The Current State of AI DX According to Developers

Ryo Tetsu Ogawa (henceforth: Ogawa): Recently, regarding AI surrounding DX, what is the situation on the ground at your company, which also handles products in this field?

Kazuki Kyakuno (henceforth: Kyakuno): Since our company started offering the DX application “ailia DX Insight / Axell’s AI DX app”, we’ve been hearing from our customers that there is a pervasive trend across domestic companies to increase operational efficiency through AI DX. However, it seems most are in the phase of first wanting to understand how to integrate and utilize AI DX in their workflows. In other words, they aim to raise their literacy on AI and DX within their companies. More than directly improving operations, the prevalent inquiries are about assessing how AI can intervene in their workflows.

Ogawa: Larger companies and organizations tend to have well-managed workflows. How do you think AI DX will be integrated into businesses in the future?

Kyakuno: Naturally, it’s difficult to change all workflows at once. Initially, I think AI DX will be partially adopted in areas where there is a high workload after conducting factor analysis. I don’t think it will be long before people start noticing that AI is increasingly being incorporated into their workflows.

Ogawa: What are the particularly high-demand areas in the business scene?

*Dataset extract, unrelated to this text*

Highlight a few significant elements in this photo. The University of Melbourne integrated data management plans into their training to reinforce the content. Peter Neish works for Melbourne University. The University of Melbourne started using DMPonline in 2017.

Kyakuno: One notable area is “transcription”. This includes creating meeting minutes and converting conversations with customers into text data. A while ago, this work was outsourced to internal or specialized companies and done manually, but now AI performs these tasks with high accuracy and in real-time. Currently, we are improving workflows by combining several AI applications and tools, starting with transcription functionality, which AI excels at. Our company develops multiple such “parts” and offers proposals for incorporating them in the optimal way into our customers’ workflows. In the future, we envision a service where customers can independently combine these parts. It’s possible that in the future, AI will be able to take into account each organization’s workflow and propose the optimal combination of tools.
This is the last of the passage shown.